(Data items)
:::::

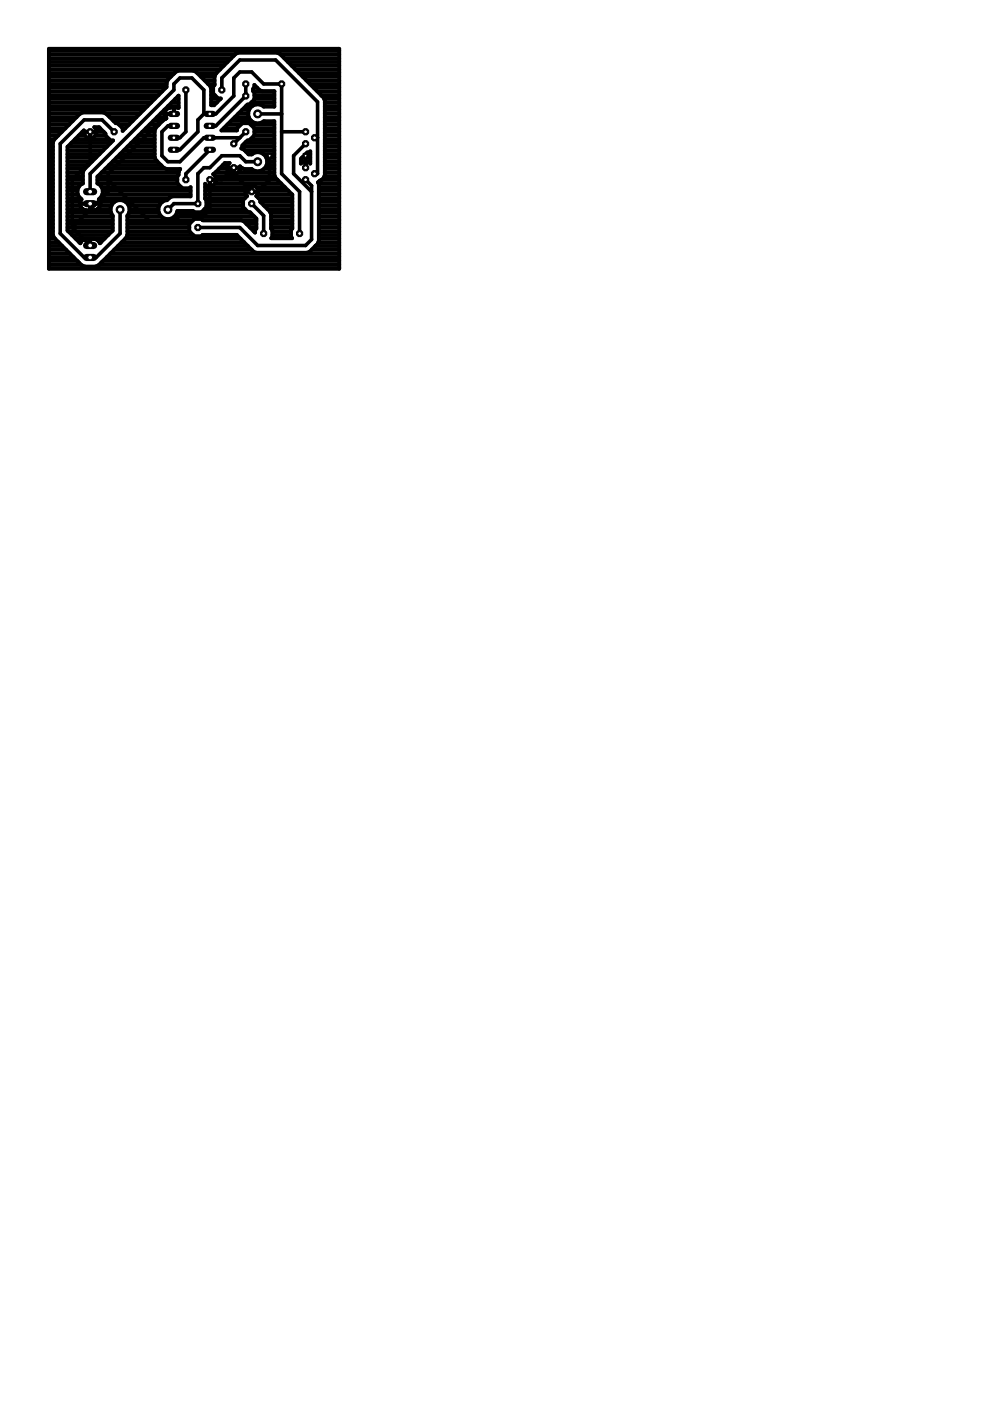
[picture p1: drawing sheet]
<svg xmlns="http://www.w3.org/2000/svg" width="210mm" height="297mm" viewBox="0 0 210 297" stroke-linecap="round" stroke-linejoin="round" font-family="sans-serif">
<g fill="none" stroke="#000" stroke-width=".76">
<path d="M39.4 19.1v8.8l-1.3 1.3h-1.2M47 19.1v-2.6l3.8-3.8h7.6l8.9 8.9v15.2h-.6M52.1 17.8v2.5l-6.3 6.4h-1.3M19.1 27.9v6.4l-3.8 3.8v10.1M24.2 27.9l-2.5-2.5h-3.9l-5 5.1v19l5 5.1h2.6l5.1-5.1v-5.1M36.9 24.2h-1.3l-12.7 12.6v3.8l-2.5 2.6M36.9 26.7h-1.3l-1.3 1.2v5.1l1.3 1.3h2.5l5.1-5.1h7.6M43.2 24.2v-5.1l-2.5-2.6h-2.6l-1.2 1.3v1.3l-17.8 17.7v3.8M43.2 24.2h2.6l3.8-3.9v-3.8l1.2-1.2h2.6l2.5 2.5h3.8v19l3.8 3.8v8.9M43.2 24.2l-1.2 1.2v2.5l-3.9 3.8h-1.2M44.5 31.7l-5.1 5.1v1.3M48.3 36.8h1.3l3.8 3.8"/>
<path d="M49.6 35.6l-2.6 2.5h-2.5v6.3l-1.3 1.3h-5.1l-1.2 1.3h-5.1l-8.9-8.9M52.1 27.9l-2.5 2.6M54.6 24.2h5.1M54.6 34.3h-2.5l-1.3-1.3h-3.8l-2.5 2.6h-1.3l-1.2 1.2v6.4h-5.1l-1.3 1.2M59.7 27.9h5.1M64.8 38.1l1.3 1.3v11.4l-1.3 1.2h-10.2l-3.8-3.8h-8.8M64.8 30.5l-2.5 2.5v3.8l3.8 3.8M66.7 29.2h.6M15.3 48.2l3.8 3.8M19.1 43.2h1.3M20.4 43.2l-5.1 5M53.4 43.2l2.5 2.5v3.8"/>
</g>
<g fill="none" stroke="#000" stroke-width=".83">
<path d="M10.4 10.4h61.5v46.6h-61.5zM10.4 19.4h24M10.4 18.6h24.7M10.4 17.8h24.9M10.4 17h25.1M10.4 16.3h25.8M10.4 15.5h26.6M10.4 14.7h36.3M10.4 13.9h37M10.4 13.1h37.8M10.4 12.4h38.6M10.4 11.6h39.4"/>
<path d="M10.4 10.8h61.5M41.8 15.5h4.1M42.6 16.3h2.9M43.4 17h2.1M44.2 17.8h1.3M44.7 18.6h.5M44.8 19.4h.4M53.7 19.4h4.5M53.9 18.6h.6M59.5 11.6h12.4M60.3 12.4h11.6M61.1 13.1h10.8"/>
<path d="M61.8 13.9h10.1M62.6 14.7h9.3M63.4 15.5h8.5M64.2 16.3h7.7M65 17h6.9M65.7 17.8h6.2M66.5 18.6h5.4M67.3 19.4h4.6M10.4 38.1h.8M10.4 39.7h.8M10.4 38.9h.8M10.4 37.3h.8"/>
<path d="M10.4 36.6h.8M10.4 35.8h.8M10.4 35h.8M10.4 34.2h.8M10.4 33.4h.8M10.4 32.7h.8M10.4 31.9h.8M10.4 31.1h.8M10.4 30.3h.8M10.4 29.5h1.1M10.4 28.7h1.9M10.4 28h2.7"/>
<path d="M10.4 27.2h3.5M10.4 26.4h4.2M10.4 25.6h5M10.4 24.8h5.8M10.4 24.1h6.6M10.4 23.3h20.1M10.4 22.5h20.8M10.4 21.7h21.6M10.4 21h22.4M10.4 20.2h23.2M14.3 38.1h3.3M14.3 39.7h2.4"/>
<path d="M14.3 38.9h3.2M14.3 37.3h3.3M14.3 36.6h3.3M14.3 35.8h3.7M14.3 35h4.5M14.3 34.2h5.2M14.3 33.4h6M14.3 32.7h6.8M14.3 31.9h7.6M14.4 31.1h8.3M15.1 30.3h8.3M15.9 29.5h7.3"/>
<path d="M16.7 28.7h1.3M17.5 28h.3M17.6 38.9v-2.4l.2-.5 6.2-6.2h-.6l-1-1.1v-.4l-1.4-1.3h-1l.4 .4v1.1l-.7 .8h-1.1l-.8-.8v-.9l-3.5 3.5v17.8l2.7 2.7a1.38 1.38 0 0 1 1.2-.9h1.8a1.32 1.32 0 0 1 1.2 .9l2.7-2.7v-3.2a2.02 2.02 0 0 1 .2-2.7 2.02 2.02 0 0 1 2.7 0 2.02 2.02 0 0 1 .2 2.7v4.1M17.6 38.9a1.92 1.92 0 0 0-.3 3.4M17.8 27.9h2.6M19.1 27.9v1.4M19.1 28.7h.1M19.1 28h.1M20.2 28.7h2.2M20.2 27.2h1M20.4 28h1.6M20.7 38.9a1.93 1.93 0 0 1 .3 3.4"/>
<path d="M20.7 38.1h16.9M20.7 38.9h16.9M20.8 37.3h16.8M21.5 39.7h16.9M21.6 36.6h16.3M22.4 35.8h12.7M22.4 24.1h7.3M23.1 35h11M23.3 24.8h5.6M23.9 34.2h9.4M24 25.6h4.1M24.7 33.4h8.1"/>
<path d="M25.2 26.4h2.1M25.5 32.7h7.3M26 27.2v.5l9.3-9.3v-.9l.3-.6 1.7-1.7 .5-.2h3.2l.6 .2 2.9 3 .3 .6v3.5h.6l1.4-1.4h-.5l-1.1-1.1v-1.5l.3-.3v-1.8l.2-.5 4.3-4.3 .5-.2h8.3l.5 .2 9.3 9.3 .3 .6v15.8l-.3 .6-1.2 1 .2 .4v12l-.2 .6-.5 .4M26 27.2l-1.1-1.1h-.3l-2.1-2-.6-.2h-4.4l-.5 .2-5.5 5.5-.3 .6v19.6M26 27.2h.6M26.3 31.9h6.5M27 31.1h5.8M27.8 30.3h5M28.6 29.5h4.2M29.4 28.7h3.4M30.2 28h2.6M30.9 27.2h2.1"/>
<path d="M31.7 26.4h2M32.5 25.6h2M33.3 24.8h1.8M34.1 24.1h.8M34.8 23.3h.4M34.9 24l.1 .7 .3 .4h-.1a5.7 5.7 0 0 0-2.2 2l-.2 .5v5.7a5.8 5.8 0 0 0 2.5 2.5h2.9l-.3 .7v.6l-.3 .2M35.2 23.3l-.3 .7M35.6 22.5h2.3M36.4 21.7h1.5M36.9 22.8v1.4h-2M36.9 24.1h.1M36.9 23.3h.1"/>
<path d="M37.2 21h.7M37.8 22.9h.1M37.8 22.9l-1.7-.1-.9 .5M37.9 22.9v-2.6l-17.2 17.2v1.4M43.5 39.7h9M44.5 38.9h.1M44.8 21.7h1.2M44.8 21h2M44.8 20.2h.8M45.6 38.9h14M45.6 37.3h12.7M45.7 36.6h3"/>
<path d="M46.5 35.8h1.7M47.2 35h1.1M47.4 27.2h2.9M48.2 26.4h2.9M48.2 35.6h2.7M48.2 35l.5-.4h-1l-2.5 2.3 .6 .6v1.2l-.8 .7h-1.1l-.4-.4v3.1l.3 .3v1.5l-1.1 1.1h-1.5l-.3-.3h-3.3a2.03 2.03 0 0 1-2.1 1.8 2.03 2.03 0 0 1-1.9-2 2.03 2.03 0 0 1 1.8-2.1l.6-.5 .6-.3h3.8v-1.9l-.2 .2h-1.5l-1.1-1v-1.6M49 25.6h4.3M49.6 35.6v1.3M49.6 36.6h.1M49.6 35.8h.1M49.8 24.8h3M50.3 27.2l-.1 .5h-3.3l5.6-5.5h.4l1-1.1v-1.5l-.2-.3v-.5l.2-.2v-.6l1.1 1.1 .6 .2h2.6v3.3h-2.3a2.02 2.02 0 0 0-2.7 .2 2.02 2.02 0 0 0 0 2.7 2.02 2.02 0 0 0 2.7 .2h2.3v11.4l.2 .6 3.6 3.6v7.2l-.3 .3v1.5l.2 .2h-4.4l.2-.2v-1.5l-.2-.3v-3.1l-.3-.6-2-2v-.4l-.9-.8 .4-.4v-1.1l-.8-.8h-1.1l-.8 .8v1.1l.4 .4-.9 .8v1.5l1.1 1.1h.4l1.4 1.4v2.1l-.3 .3v.5l-2.4-2.4-.6-.2"/>
<path d="M50.3 27.2l1.1-1.1h1.5l1 1.1M50.4 36.6h7.8M50.6 24.1h2M50.9 35.8h.7M51.4 23.3h1.4M51.4 31.1h6.8M51.9 31.9h6.3M51.9 30.3h6.3M52.1 22.5h1.3M52.2 30.1l-.8 .7v.4l-.2 .3 .5 .2 1 1h.7a2.02 2.02 0 0 1 2.7 .2 2.02 2.02 0 0 1 0 2.8 2.02 2.02 0 0 1-2.7 .1h-1.6l-.6-.2-.3-.3v.8l-.8 .8h-1.1l-.8-.8v-1.1M52.2 30.1h.1M52.6 32.7h.8"/>
<path d="M53.1 29.5h5.1M53.1 26.4h5.1M53.3 21.7h4.9M53.4 39.3v1.4M53.4 39.7h.1M53.9 28.7h4.3M53.9 27.2v1.5l-1 1.1h-.4l-.3 .3M53.9 28h4.3M53.9 27.2h4.3M53.9 21h4.3M53.9 20.2h4.3M54.3 39.7h6.1"/>
<path d="M55.8 32.7h2.4M55.8 22.5h2.4M56 35.8h2.2M56.5 33.4h1.7M56.5 35h1.7M56.6 34.2h1.6M57.2 33v5.1l-2.6 2.5M58.8 38.1h-14.3v1.3M63.8 33.7l1.4-1.4h.4l.2-.2v2.6l-.5-.5h-1.1l-.4 .5zM63.8 34.2h2M64 33.4h1.8M64.8 33v2.6"/>
<path d="M64.8 35h.1M64.8 32.7h1M67.5 38.9h4.4M67.6 39.7h4.3M68.1 20.2h3.8M68.2 38.1h3.7M68.7 21h3.2M68.8 37.3h3.1M68.9 36.6h3M68.9 35.8h3M68.9 35h3M68.9 34.2h3"/>
<path d="M68.9 33.4h3M68.9 32.7h3M68.9 31.9h3M68.9 31.1h3M68.9 30.3h3M68.9 29.5h3M68.9 28.7h3M68.9 28h3M68.9 27.2h3M68.9 26.4h3M68.9 25.6h3M68.9 24.8h3"/>
<path d="M68.9 24.1h3M68.9 23.3h3M68.9 22.5h3M68.9 21.7h3M10.4 46.7h.8M10.4 49.8h.8M10.4 56.8h61.5M10.4 56h6.7M10.4 55.3h5.9M10.4 54.5h5.2M10.4 53.7h4.4M10.4 52.9h3.6"/>
<path d="M10.4 52.2h2.8M10.4 51.4h2M10.4 50.6h1.3M10.4 49h.8M10.4 48.3h.8M10.4 47.5h.8M10.4 45.9h.8M10.4 45.1h.8M10.4 44.3h.8M10.4 43.6h.8M10.4 42.8h.8M10.4 42h.8"/>
<path d="M10.4 41.2h.8M10.4 40.4h.8M11.2 49.8l.3 .6 5.2 5.3 .6 .5 .7 .3h2.2l.8-.3 5.8-5.8 .2-.6M14.3 46.7h9.6M14.3 48.3h9.6M14.3 47.5h9.6M14.3 45.9h9.6M14.3 45.1h9.3M14.3 44.3h3.3M14.3 43.6h2.7M14.3 42.8h2.7M14.3 42h2.7"/>
<path d="M14.3 41.2h2.2M14.3 40.4h2.1M14.5 49h9.2M15.3 49.8h7.7M16 50.6h6.2M16.8 51.4h.3M16.9 43.2h4.4M17.3 42.3a1.4 1.4 0 0 0-.3 1.4 1.4 1.4 0 0 0 1.2 .9h1.8l.6-.2M19.1 43.2v1.4M19.1 50.7v1.3M19.1 52h.1M19.1 51.4h.1"/>
<path d="M19.1 44.3h.1M19.1 43.6h.1M20.6 44.3h2.9M21 42.3a1.42 1.42 0 0 1-.4 2.1M21 42.3h.1M21.1 56h50.8M21.1 51.4h.3M21.2 43.6h2.4M21.2 42h14.6M21.2 42.8h3.1M21.7 41.2h18.7M21.8 40.4h18.6"/>
<path d="M21.9 55.3h50M22.7 54.5h49.2M23.4 53.7h48.5M24.2 52.9h29.1M25 52.2h27.6M25.8 51.4h26M26.6 50.6h24.4M26.6 42.8h7.8M27 46.7h13.9M27 49.8h13.9M27 49h13.2M27 48.3h13.1"/>
<path d="M27 47.5h13.1M27 45.9h7.2M27.3 43.6h6.5M27.3 45.1h6.4M27.5 44.3h6.1M37 45.9h16.9M37.5 45.1h15.6M40.1 47.5v1.5l1.1 1.1h1.5l.3-.3h7.2l3.1 3.1M43.3 44.3h8.7M43.5 42h8.4M43.5 41.2h8.6M43.5 40.4h8.5"/>
<path d="M43.8 43.6h7.7M43.8 42.8h7.7M52 40.6h2.7M52.2 47.5h2.2M53 48.3h1.4M53.3 52.9v.1M53.4 40.4h.1M53.8 49h.3M54.4 46.7h-11.4l-.3-.3h-1.5l-1.1 1.1M54.6 41.2h7.3M54.7 40.4h6.5M54.8 42h7.2"/>
<path d="M55.2 42.8h6.8M56 43.6h6M56.7 44.3h5.3M57.3 45.1h4.7M57.5 46.7h4.5M57.5 48.3h4.5M57.5 47.5h4.5M57.5 45.9h4.5M57.7 49.8h4M57.7 49h4M66.1 52.9h5.8M66.9 52.2h5"/>
<path d="M66.9 52.1l-1.2 1.3-.6 .2h-10.8l-.5-.2-.5-.5M66.9 52.1h.1M67.5 51.4h4.4M67.6 46.7h4.3M67.6 49.8h4.3M67.6 50.6h4.3M67.6 49h4.3M67.6 48.3h4.3M67.6 47.5h4.3M67.6 45.9h4.3M67.6 45.1h4.3M67.6 44.3h4.3"/>
<path d="M67.6 43.6h4.3M67.6 42.8h4.3M67.6 42h4.3M67.6 41.2h4.3M67.6 40.4h4.3"/>
</g>
<path d="M36.2 24.2h1.3" fill="none" stroke="#000" stroke-width="1.3"/>
<circle cx="36.9" cy="24.2" r=".4" fill="#fff" stroke="#000" stroke-width=".21"/>
<path d="M36.2 26.7h1.3" fill="none" stroke="#000" stroke-width="1.3"/>
<circle cx="36.9" cy="26.7" r=".4" fill="#fff" stroke="#000" stroke-width=".21"/>
<path d="M43.8 26.7h1.3" fill="none" stroke="#000" stroke-width="1.3"/>
<circle cx="44.5" cy="26.7" r=".4" fill="#fff" stroke="#000" stroke-width=".21"/>
<path d="M43.8 24.2h1.3" fill="none" stroke="#000" stroke-width="1.3"/>
<circle cx="44.5" cy="24.2" r=".4" fill="#fff" stroke="#000" stroke-width=".21"/>
<path d="M36.2 29.2h1.3" fill="none" stroke="#000" stroke-width="1.3"/>
<circle cx="36.9" cy="29.2" r=".4" fill="#fff" stroke="#000" stroke-width=".21"/>
<path d="M36.2 31.7h1.3" fill="none" stroke="#000" stroke-width="1.3"/>
<circle cx="36.9" cy="31.7" r=".4" fill="#fff" stroke="#000" stroke-width=".21"/>
<path d="M43.8 29.2h1.3" fill="none" stroke="#000" stroke-width="1.3"/>
<circle cx="44.5" cy="29.2" r=".4" fill="#fff" stroke="#000" stroke-width=".21"/>
<path d="M43.8 31.7h1.3" fill="none" stroke="#000" stroke-width="1.3"/>
<circle cx="44.5" cy="31.7" r=".4" fill="#fff" stroke="#000" stroke-width=".21"/>
<circle cx="35.6" cy="44.5" r=".85" fill="#000" stroke="#000" stroke-width=".21"/>
<circle cx="35.6" cy="44.4" r=".55" fill="#fff" stroke="#000" stroke-width=".21"/>
<circle cx="25.5" cy="44.5" r=".85" fill="#000" stroke="#000" stroke-width=".21"/>
<circle cx="25.5" cy="44.4" r=".55" fill="#fff" stroke="#000" stroke-width=".21"/>
<circle cx="54.6" cy="24.2" r=".85" fill="#000" stroke="#000" stroke-width=".21"/>
<circle cx="54.6" cy="24.2" r=".55" fill="#fff" stroke="#000" stroke-width=".21"/>
<circle cx="54.6" cy="34.3" r=".85" fill="#000" stroke="#000" stroke-width=".21"/>
<circle cx="54.6" cy="34.3" r=".55" fill="#fff" stroke="#000" stroke-width=".21"/>
<circle cx="49.6" cy="30.5" r=".71" fill="#000" stroke="#000" stroke-width=".21"/>
<circle cx="49.6" cy="30.5" r=".4" fill="#fff" stroke="#000" stroke-width=".21"/>
<circle cx="49.6" cy="35.6" r=".71" fill="#000" stroke="#000" stroke-width=".21"/>
<circle cx="49.6" cy="35.6" r=".4" fill="#fff" stroke="#000" stroke-width=".21"/>
<circle cx="39.4" cy="38.1" r=".71" fill="#000" stroke="#000" stroke-width=".21"/>
<circle cx="39.4" cy="38.1" r=".4" fill="#fff" stroke="#000" stroke-width=".21"/>
<circle cx="44.5" cy="38.1" r=".71" fill="#000" stroke="#000" stroke-width=".21"/>
<circle cx="44.5" cy="38.1" r=".4" fill="#fff" stroke="#000" stroke-width=".21"/>
<circle cx="52.1" cy="27.9" r=".71" fill="#000" stroke="#000" stroke-width=".21"/>
<circle cx="52.1" cy="27.9" r=".4" fill="#fff" stroke="#000" stroke-width=".21"/>
<circle cx="52.1" cy="20.3" r=".71" fill="#000" stroke="#000" stroke-width=".21"/>
<circle cx="52.1" cy="20.3" r=".4" fill="#fff" stroke="#000" stroke-width=".21"/>
<circle cx="52.1" cy="17.8" r=".71" fill="#000" stroke="#000" stroke-width=".21"/>
<circle cx="52.1" cy="17.8" r=".4" fill="#fff" stroke="#000" stroke-width=".21"/>
<circle cx="59.7" cy="17.8" r=".71" fill="#000" stroke="#000" stroke-width=".21"/>
<circle cx="59.7" cy="17.8" r=".4" fill="#fff" stroke="#000" stroke-width=".21"/>
<circle cx="39.4" cy="19.1" r=".71" fill="#000" stroke="#000" stroke-width=".21"/>
<circle cx="39.4" cy="19.1" r=".4" fill="#fff" stroke="#000" stroke-width=".21"/>
<circle cx="47" cy="19.1" r=".71" fill="#000" stroke="#000" stroke-width=".21"/>
<circle cx="47" cy="19.1" r=".4" fill="#fff" stroke="#000" stroke-width=".21"/>
<circle cx="64.8" cy="30.5" r=".71" fill="#000" stroke="#000" stroke-width=".21"/>
<circle cx="64.8" cy="30.5" r=".4" fill="#fff" stroke="#000" stroke-width=".21"/>
<circle cx="66.7" cy="29.2" r=".71" fill="#000" stroke="#000" stroke-width=".21"/>
<circle cx="66.7" cy="29.2" r=".4" fill="#fff" stroke="#000" stroke-width=".21"/>
<circle cx="64.8" cy="27.9" r=".71" fill="#000" stroke="#000" stroke-width=".21"/>
<circle cx="64.8" cy="27.9" r=".4" fill="#fff" stroke="#000" stroke-width=".21"/>
<circle cx="64.8" cy="38.1" r=".71" fill="#000" stroke="#000" stroke-width=".21"/>
<circle cx="64.8" cy="38.1" r=".4" fill="#fff" stroke="#000" stroke-width=".21"/>
<circle cx="66.7" cy="36.8" r=".71" fill="#000" stroke="#000" stroke-width=".21"/>
<circle cx="66.7" cy="36.8" r=".4" fill="#fff" stroke="#000" stroke-width=".21"/>
<circle cx="64.8" cy="35.6" r=".71" fill="#000" stroke="#000" stroke-width=".21"/>
<circle cx="64.8" cy="35.6" r=".4" fill="#fff" stroke="#000" stroke-width=".21"/>
<circle cx="24.2" cy="27.9" r=".71" fill="#000" stroke="#000" stroke-width=".21"/>
<circle cx="24.2" cy="27.9" r=".4" fill="#fff" stroke="#000" stroke-width=".21"/>
<circle cx="19.1" cy="27.9" r=".71" fill="#000" stroke="#000" stroke-width=".21"/>
<circle cx="19.1" cy="27.9" r=".4" fill="#fff" stroke="#000" stroke-width=".21"/>
<circle cx="42" cy="43.2" r=".71" fill="#000" stroke="#000" stroke-width=".21"/>
<circle cx="42" cy="43.2" r=".4" fill="#fff" stroke="#000" stroke-width=".21"/>
<circle cx="42" cy="48.2" r=".71" fill="#000" stroke="#000" stroke-width=".21"/>
<circle cx="42" cy="48.2" r=".4" fill="#fff" stroke="#000" stroke-width=".21"/>
<path d="M18.4 40.6h1.5" fill="none" stroke="#000" stroke-width="1.5"/>
<circle cx="19.1" cy="40.6" r=".51" fill="#fff" stroke="#000" stroke-width=".21"/>
<path d="M18.4 43.2h1.5" fill="none" stroke="#000" stroke-width="1.5"/>
<circle cx="19.1" cy="43.2" r=".51" fill="#fff" stroke="#000" stroke-width=".21"/>
<path d="M18.4 54.6h1.5" fill="none" stroke="#000" stroke-width="1.5"/>
<circle cx="19.1" cy="54.6" r=".51" fill="#fff" stroke="#000" stroke-width=".21"/>
<path d="M18.4 52h1.5" fill="none" stroke="#000" stroke-width="1.5"/>
<circle cx="19.1" cy="52" r=".51" fill="#fff" stroke="#000" stroke-width=".21"/>
<circle cx="53.4" cy="43.2" r=".71" fill="#000" stroke="#000" stroke-width=".21"/>
<circle cx="53.4" cy="43.2" r=".4" fill="#fff" stroke="#000" stroke-width=".21"/>
<circle cx="53.4" cy="40.6" r=".71" fill="#000" stroke="#000" stroke-width=".21"/>
<circle cx="53.4" cy="40.6" r=".4" fill="#fff" stroke="#000" stroke-width=".21"/>
<circle cx="55.9" cy="49.5" r=".71" fill="#000" stroke="#000" stroke-width=".21"/>
<circle cx="55.9" cy="49.5" r=".4" fill="#fff" stroke="#000" stroke-width=".21"/>
<circle cx="63.5" cy="49.5" r=".71" fill="#000" stroke="#000" stroke-width=".21"/>
<circle cx="63.5" cy="49.5" r=".4" fill="#fff" stroke="#000" stroke-width=".21"/>
<path d="M56.7 32.5h1v1h-1z" fill="#000" stroke="#000" stroke-width=".21"/>
<circle cx="57.2" cy="33" r=".3" fill="#fff" stroke="#000" stroke-width=".21"/>
<path d="M64.3 32.5h1v1h-1z" fill="#000" stroke="#000" stroke-width=".21"/>
<circle cx="64.8" cy="33" r=".3" fill="#fff" stroke="#000" stroke-width=".21"/>
</svg>

:::::

TRY IT.
The reply should hold only the lines from the first line of the records above through the line containing "19.1v8.8l-1.3 1.3h-1.2M47 19.1v-2.6l3.8-3.8h7.6l8.9", copied exactly and without pictures.

EXPECTED ANSWER.
[picture p1: drawing sheet]
<svg xmlns="http://www.w3.org/2000/svg" width="210mm" height="297mm" viewBox="0 0 210 297" stroke-linecap="round" stroke-linejoin="round" font-family="sans-serif">
<g fill="none" stroke="#000" stroke-width=".76">
<path d="M39.4 19.1v8.8l-1.3 1.3h-1.2M47 19.1v-2.6l3.8-3.8h7.6l8.9 8.9v15.2h-.6M52.1 17.8v2.5l-6.3 6.4h-1.3M19.1 27.9v6.4l-3.8 3.8v10.1M24.2 27.9l-2.5-2.5h-3.9l-5 5.1v19l5 5.1h2.6l5.1-5.1v-5.1M36.9 24.2h-1.3l-12.7 12.6v3.8l-2.5 2.6M36.9 26.7h-1.3l-1.3 1.2v5.1l1.3 1.3h2.5l5.1-5.1h7.6M43.2 24.2v-5.1l-2.5-2.6h-2.6l-1.2 1.3v1.3l-17.8 17.7v3.8M43.2 24.2h2.6l3.8-3.9v-3.8l1.2-1.2h2.6l2.5 2.5h3.8v19l3.8 3.8v8.9M43.2 24.2l-1.2 1.2v2.5l-3.9 3.8h-1.2M44.5 31.7l-5.1 5.1v1.3M48.3 36.8h1.3l3.8 3.8"/>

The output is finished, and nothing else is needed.